En 2006, cuando Charlie Hebdo encabezó –junto al diario danés Jyllands-Posten– la defensa de la libertad de expresión, del derecho a ofender y a publicar lo que muchos no quieren que se diga, el mundo miró hacia otro lado. Cuando publicaron las caricaturas de Mahoma que desataron una ola de indignación en los países musulmanes, el mundo los dejó –los dejamos– solos, acusándolos de ir demasiado lejos, de poner en peligro a mucha gente por sus egos y su deseo de llamar la atención, por ser unos irresponsables.
Ayer, cientos de miles de personas en todo el planeta, líderes políticos, instituciones, dieron la cara. Pero fue demasiado tarde para los familiares de Stéphane Charbonnier, Charb, su director e incansable defensor del escándalo y del derecho supremo al mismo. Fue tarde e insuficiente para las familias de Cabu, Wolinski y Tignous, dibujantes gamberros y muy conocidos. Para la familia del economista Bernard Maris, miembro del consejo científico de Attac y del Banco Central de Francia. Para toda la familia de Charlie Hebdo, que durante más de cuatro décadas ha hecho reír a casi tantos como ha indignado. La hija de Wolinski, por la tarde, colgó una foto del estudio de su padre con un mensaje desgarrador: «Papá se ha ido, Wolinski no».

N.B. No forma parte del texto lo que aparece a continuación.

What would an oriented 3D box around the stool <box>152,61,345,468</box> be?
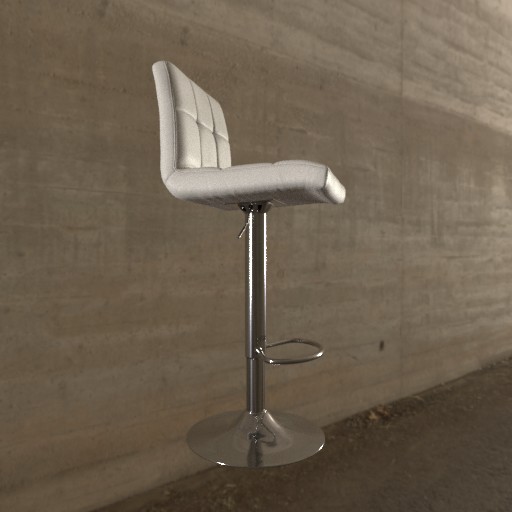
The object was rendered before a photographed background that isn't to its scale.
[{"bbox_3d":[0.000,0.000,1.365,0.505,1.115,0.430,0,1,17],"label":"stool"}]
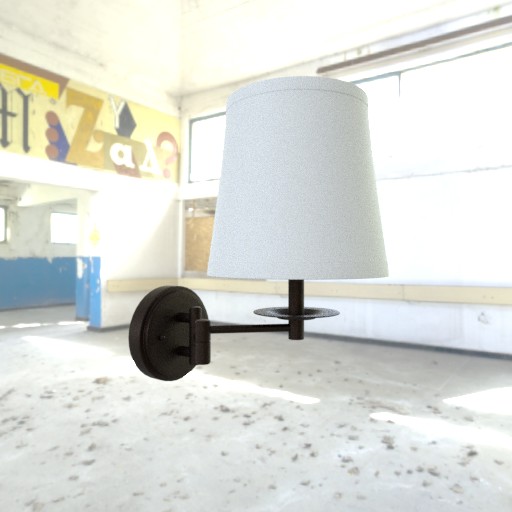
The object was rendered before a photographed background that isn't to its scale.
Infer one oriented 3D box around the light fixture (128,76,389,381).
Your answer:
[{"bbox_3d":[0.000,0.000,0.267,0.157,0.172,0.100,0,0,36],"label":"light fixture"}]

El presidente François Hollande fue ayer contundente. Llegó a la sede de la revista, en la calle Nicolas Appert, junto al bulevar Voltaire, y aseguró: «La República ha sido atacada». En un discurso sentido, definió a los fallecidos como «héroes de Francia», «muertos por la idea que tenían de este país y de la libertad», y declaró hoy jueves día de luto nacional. El Gobierno ha movilizado a todas las fuerzas policiales y elevado al máximo la seguridad, tras uno de los peores atentados de toda la historia del país.
A medianoche, la policía francesa había identificado ya a los sospechosos (no se descarta que haya más cómplices). Se trataría de tres varones de origen árabe, pero de nacionalidad francesa: Hamyd Mourad, de 18 años, y los hermanos Chérif y Said Kouachi, de 32 y 34 años respectivamente. Tras la masacre, dejaron su coche y robaron otro a punta de pistola, asegurando al propietario que eran miembros de «Al Qaeda en Yemen», según 20 Minutos. Al cierre de esta edición, según France Press, a lo largo de la madrugada cayó en manos de la policía el más joven de los yihadistas, tras una operación que tuvo su mayor despliegue en la ciudad de Reims, a 150 km. de París.
El ataque ha dejado a Francia en shock y con sensación de indefensión. Pero ha despertado también a buena parte de la sociedad civil. A las siete de la tarde, poco más de seis horas después de que se conociera la tragedia, más de 15.000 personas, llenaron la Plaza de la República, a unos cientos de metros de la redacción de Charlie Hebdo, para rendir homenaje a los fallecidos y clamar por la libertad de expresión. Los parisinos colapsaron la plaza y las calles aledañas, con carteles, pegatinas y mucho dolor. Como hacían, simultáneamente, 100.000 compatriotas por todo el Hexágono.
Con un silencio intenso, respetuoso. Un silencio de esos que duelen. En memoria de los periodistas, los dibujantes y los policías muertos a unos pocos pasos de allí. Con un gesto simbólico, el de miles de manos alzando al cielo bolígrafos y lápices. Durante media hora. Sin hablar. Sin llorar. Sin rendirse.
«Charlie, Charlie, Charlie». «Libertad, de expresión. Libertad, de expresión». Y amagos de una Marsellesa a capella rompían distraídos un mar de carteles y mensajes. Fue la de la capital una concentración sin portavoces, sin palco, ni protagonistas. Un acto con más esperanza que ira. «No tenemos miedo», gritaron desde el centro de la plaza un grupo de estudiantes. Y el eco resonó, sincero y sentido, en miles de gargantas.